The case of Kirin Pipes Limited v Commissioner Intelligence Strategic Operations Investigations and Enforcement (TAT Appeal E1116 of 2024) arose from additional tax assessments issued by the Kenya Revenue Authority (KRA) through its Investigations and Enforcement Department. The assessments, covering the years 2019–2022, amounted to Kshs. 34.3 million in corporation tax and Kshs. 22.6 million in VAT. Following an objection, the liability was revised downward to Kshs. 21.6 million. Dissatisfied, the Appellant lodged an appeal before the Tax Appeals Tribunal (TAT).

The central issue was whether the Respondent acted lawfully in treating all bank deposits appearing in the Appellant’s accounts as taxable income. The Respondent justified this approach on the basis of the “banking analysis method,” which assumes that all deposits constitute taxable turnover unless proven otherwise. The Appellant countered that several deposits were not income but rather:

  1. Capital injections from shareholders totaling Kshs. 54,045,101.45;
  2. Loans from Nanchang Municipal Engineering Development amounting to Kshs. 31,697,392.00; and
  3. Advance customer payments from Zhonghao Overseas Construction Engineering (Kenya) worth Kshs. 65,376,000.00, which were later invoiced and declared.

The Appellant argued that taxing these items violated the Income Tax Act (ITA), the Value Added Tax Act (VATA), and constitutional principles of fairness and proportionality. The Respondent, on the other hand, maintained that the Appellant had not provided sufficient proof to classify the deposits as non-taxable, and therefore it was justified in confirming the assessments.

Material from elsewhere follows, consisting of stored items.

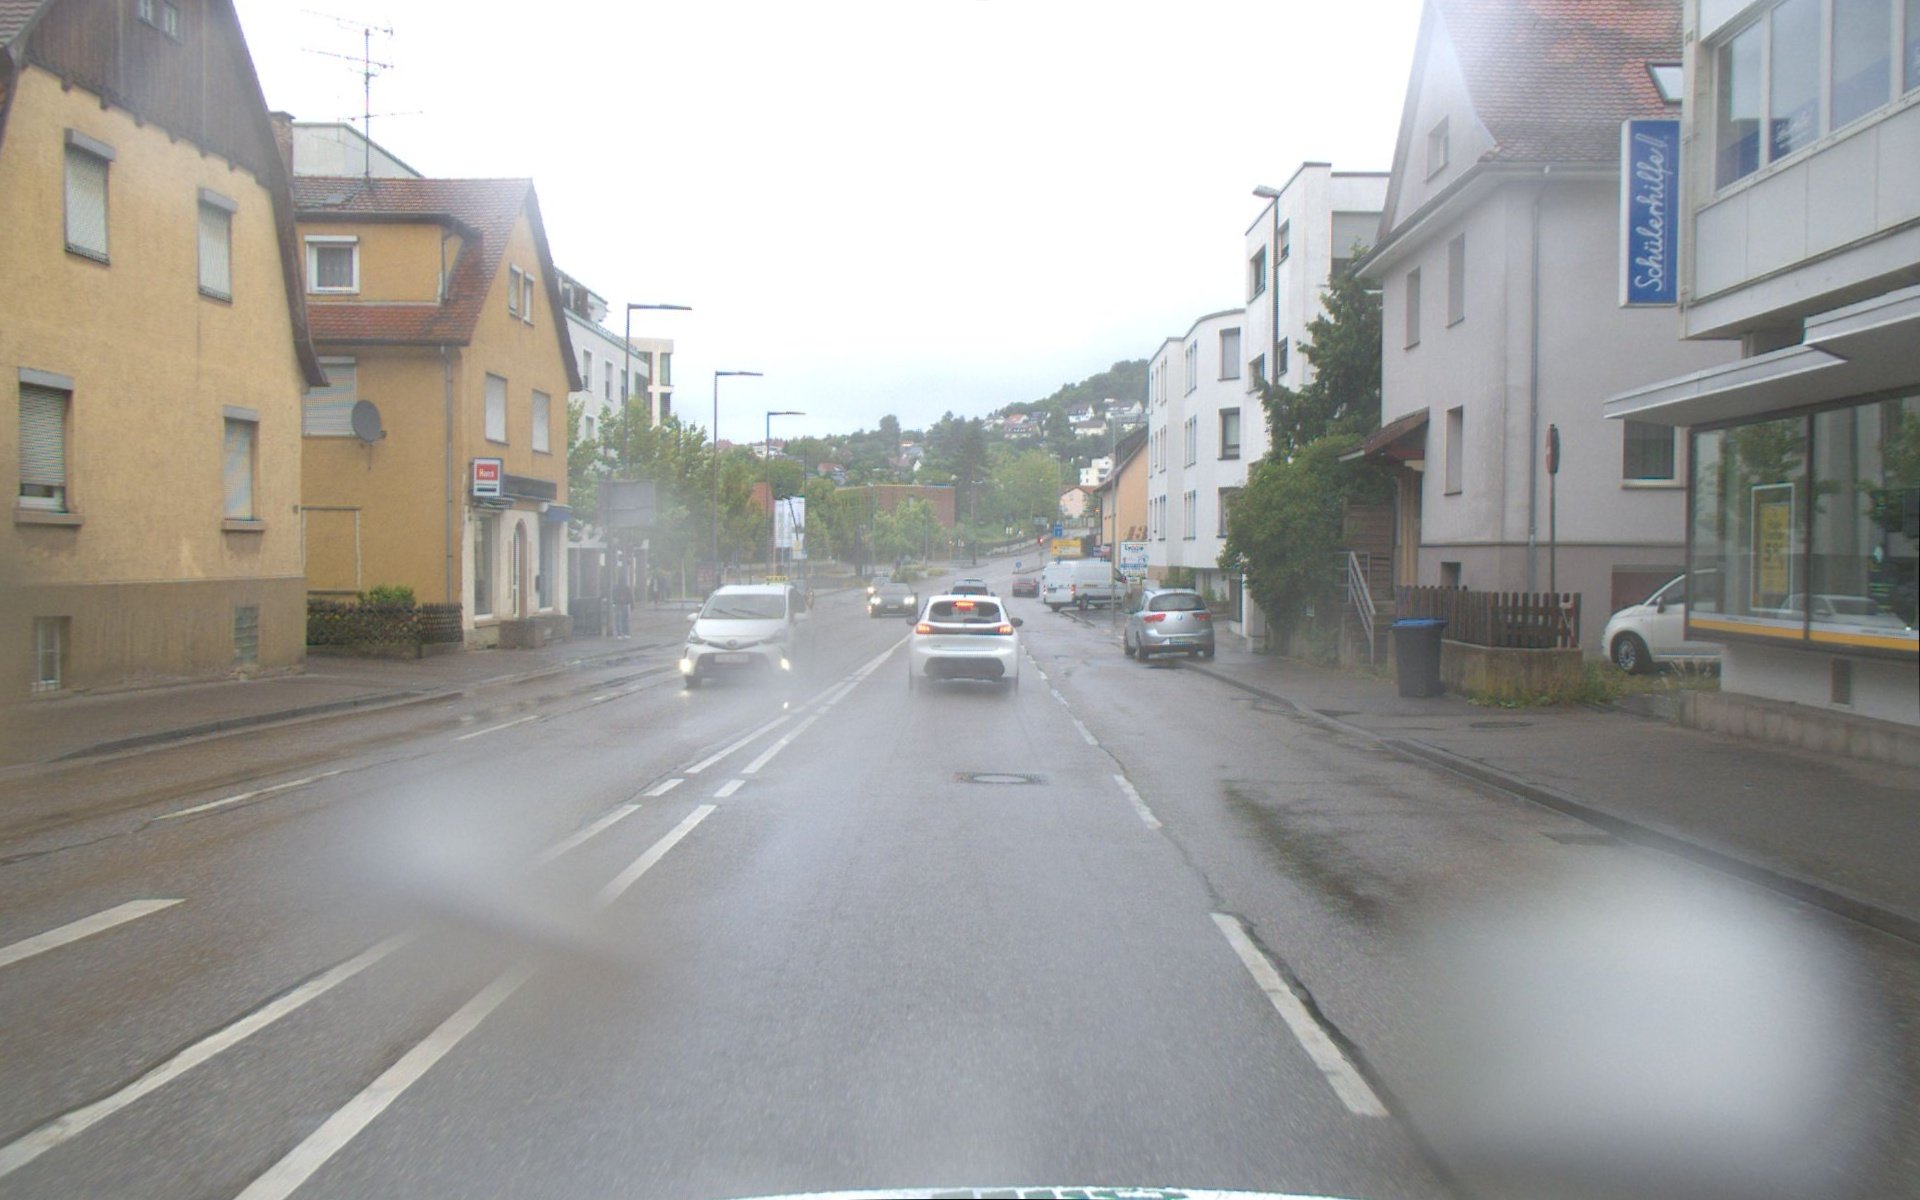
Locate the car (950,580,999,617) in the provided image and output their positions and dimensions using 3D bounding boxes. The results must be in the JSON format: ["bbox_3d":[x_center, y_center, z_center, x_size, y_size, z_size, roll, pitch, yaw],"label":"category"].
[{"bbox_3d":[0.535,-0.073,61.885,1.706,1.318,3.333,-1,1,-2],"label":"car"}]

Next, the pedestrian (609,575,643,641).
[{"bbox_3d":[-9.369,0.224,46.419,0.785,1.819,0.881,0,-1,-3],"label":"pedestrian"}]

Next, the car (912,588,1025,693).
[{"bbox_3d":[0.065,0.622,26.262,1.657,1.546,3.931,0,-1,-2],"label":"car"}]

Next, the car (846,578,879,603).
[{"bbox_3d":[-6.272,-0.617,107.110,1.842,1.550,4.184,-1,-1,1],"label":"car"}]

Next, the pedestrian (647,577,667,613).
[{"bbox_3d":[-15.108,-0.231,82.504,0.792,1.768,1.003,0,-1,0],"label":"pedestrian"}]

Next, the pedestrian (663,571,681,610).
[{"bbox_3d":[-16.235,-0.507,93.125,0.731,2.182,0.771,0,-1,14],"label":"pedestrian"}]

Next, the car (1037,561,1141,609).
[{"bbox_3d":[6.876,-0.770,87.419,2.254,2.424,6.594,-1,-1,38],"label":"car"}]

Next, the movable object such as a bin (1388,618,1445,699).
[{"bbox_3d":[6.420,0.817,23.264,0.564,1.066,0.830,-1,2,0],"label":"movable object such as a bin"}]

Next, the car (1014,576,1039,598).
[{"bbox_3d":[5.119,-1.032,127.400,1.698,1.411,3.353,1,4,0],"label":"car"}]

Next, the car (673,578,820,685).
[{"bbox_3d":[-3.477,0.499,27.711,1.840,1.637,4.718,0,-1,0],"label":"car"}]

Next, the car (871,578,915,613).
[{"bbox_3d":[-2.894,-0.185,71.953,1.732,1.438,4.525,-1,-1,0],"label":"car"}]

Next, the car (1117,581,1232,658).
[{"bbox_3d":[4.883,0.479,38.235,1.971,1.650,4.359,1,-2,-2],"label":"car"}]

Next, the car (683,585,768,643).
[{"bbox_3d":[-6.389,0.394,45.444,1.615,1.442,4.139,-3,-1,1],"label":"car"}]

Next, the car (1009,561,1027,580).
[{"bbox_3d":[6.545,-3.370,187.513,1.952,2.049,4.000,-1,-1,1],"label":"car"}]

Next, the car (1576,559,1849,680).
[{"bbox_3d":[10.535,0.268,23.349,1.338,1.528,3.304,-3,1,-32],"label":"car"}]

PARTIES’ POSITIONS ON BANK DEPOSITS

Appellant’s Case

The Appellant contended that the Respondent’s reliance on gross deposits as taxable income was a manifest error of law. It argued that:

  • Capital injections represent shareholder equity, not distributable profits, and thus fall outside Section 3 of the ITA. Authorities such as Pili Management Consultants Ltd v Commissioner of Income Tax [2010] eKLR affirm that “income tax is a tax on income, not on capital.”
  • Loans are financial transactions, not income, and cannot attract corporation tax or VAT. The Appellant pointed to SWIFT confirmations and a loan agreement to show that funds from Nanchang Municipal were bona fide borrowings.
  • Advance payments are timing issues. Since corresponding sales were later invoiced and declared, taxing the same funds twice would amount to prohibited double taxation under Section 30 of the ITA and Section 19(4) of the VATA.

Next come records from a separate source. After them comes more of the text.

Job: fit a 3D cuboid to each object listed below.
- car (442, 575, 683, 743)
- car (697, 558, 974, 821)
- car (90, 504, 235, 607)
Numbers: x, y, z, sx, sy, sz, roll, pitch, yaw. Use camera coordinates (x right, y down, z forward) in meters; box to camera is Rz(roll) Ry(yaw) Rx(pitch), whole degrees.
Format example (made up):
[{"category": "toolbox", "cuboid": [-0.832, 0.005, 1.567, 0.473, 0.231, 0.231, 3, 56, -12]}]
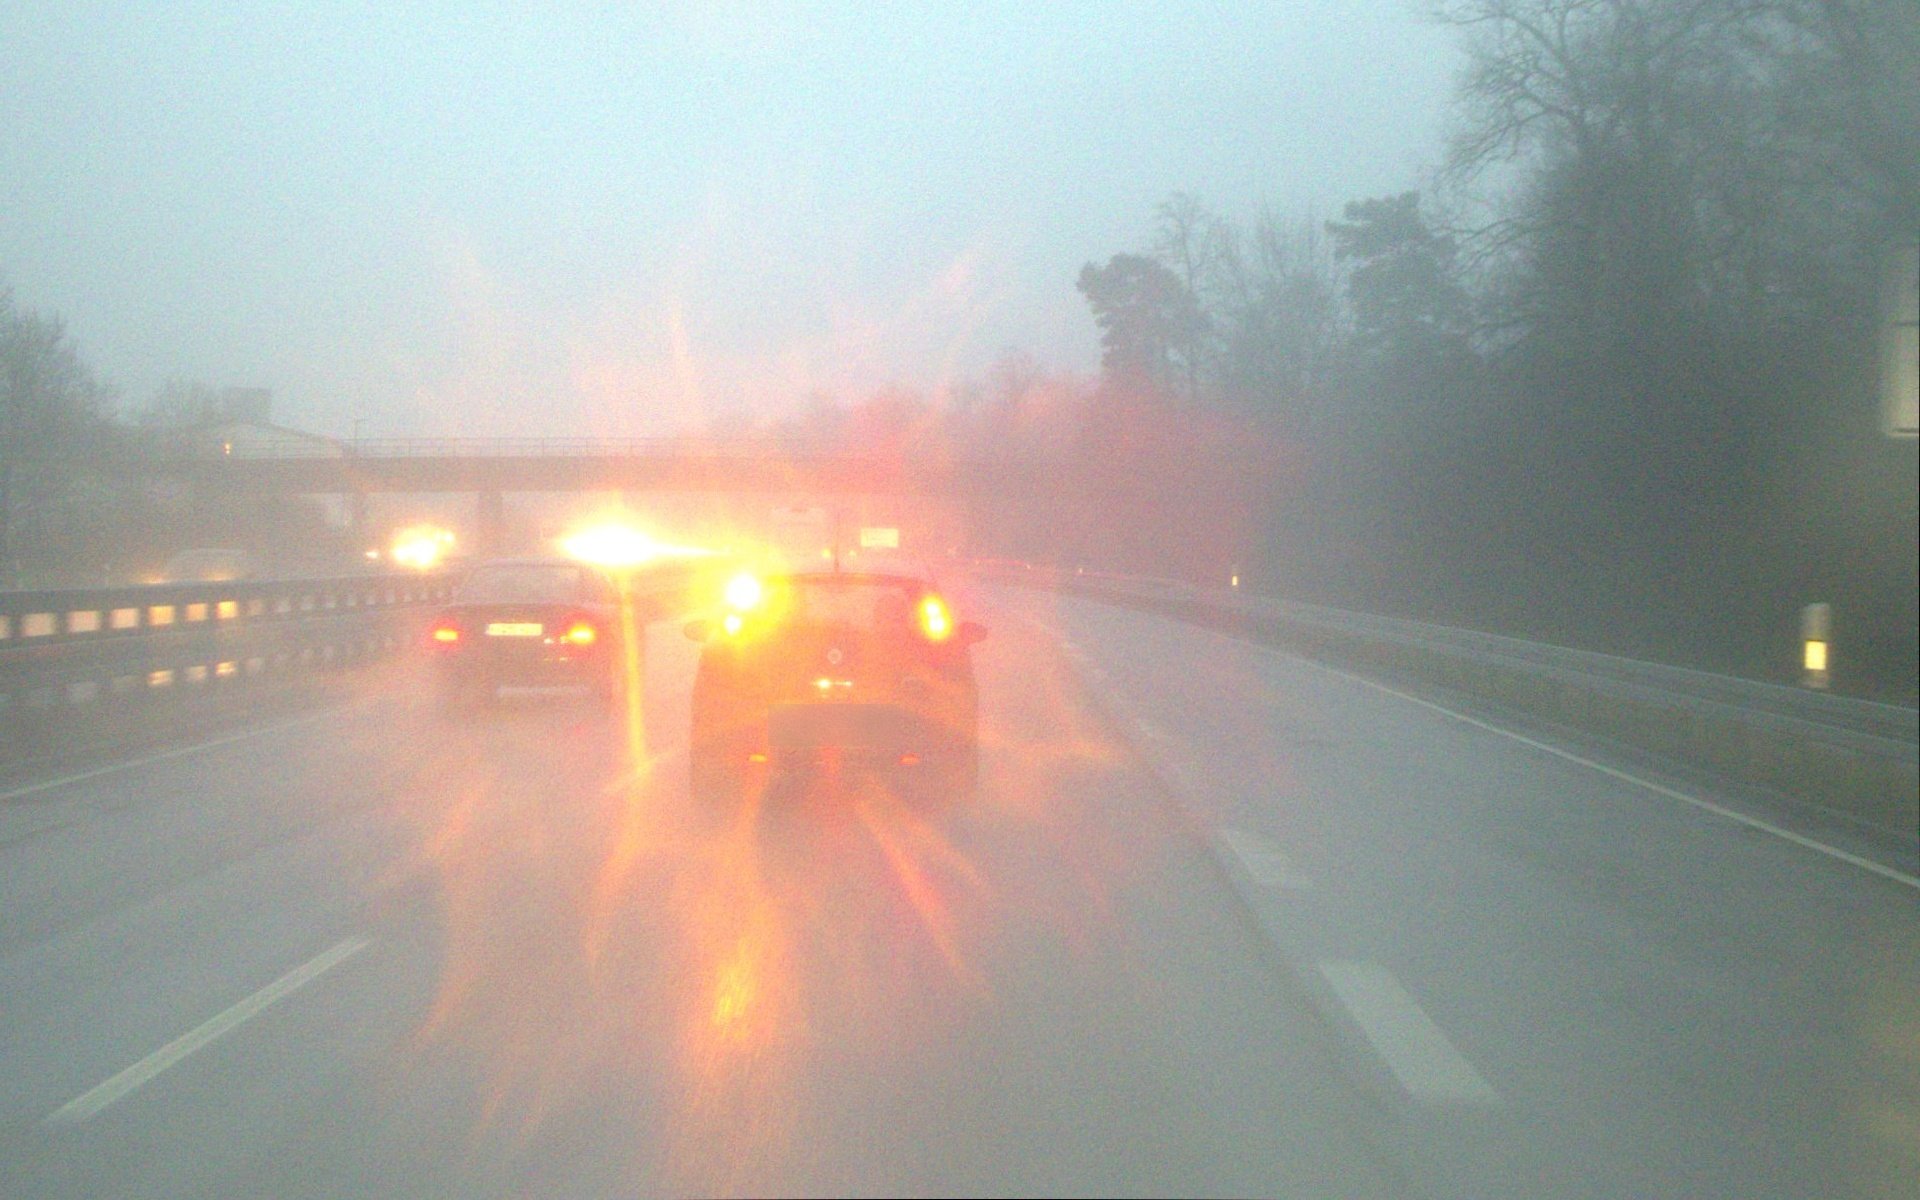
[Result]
[{"category": "car", "cuboid": [-3.888, 0.540, 34.295, 1.776, 1.529, 4.702, -1, 0, 1]}, {"category": "car", "cuboid": [-0.716, 0.495, 21.649, 1.527, 1.411, 3.479, 3, 1, 0]}, {"category": "car", "cuboid": [-15.002, -0.856, 64.852, 1.644, 1.779, 4.207, 3, 1, 0]}]

The Appellant further submitted that the Respondent misapplied the “best judgment” principle under Section 29 of the TPA by ignoring the evidence it had provided. It relied on Tribunal decisions such as Agrochemicals and Food Company Ltd v Commissioner of Domestic Taxes and Superserve Ltd v Commissioner, Investigations and Enforcement, which stressed that “best judgment” must be based on available material, not arbitrary assumptions.

Respondent’s Case

The Respondent argued that the Appellant had failed to meet its evidential burden under Section 56 of the TPA and Section 30 of the TATA. It noted that:

  • The Appellant’s CR12 did not reflect any increase in share capital beyond Kshs. 10 million, undermining its claim of shareholder injections.
  • The loan agreement with Nanchang Municipal was vague interest-free, lacking repayment terms, and unsupported by any evidence of repayment over five years.
  • The alleged advance payments were only supported by self-generated statements without underlying invoices or tax records.

According to the Respondent, these deficiencies justified the use of the banking analysis method and the treatment of all deposits as taxable income. It relied on authorities such as Ushindi Ltd v Commissioner of Investigation and Enforcement [2020] eKLR and Republic v KRA ex parte Proto Energy Ltd, which emphasize that taxpayers must prove that assessments are excessive or erroneous.

 

TRIBUNAL’S ANALYSIS AND IMPLICATIONS

The Tribunal examined each category of deposits in detail.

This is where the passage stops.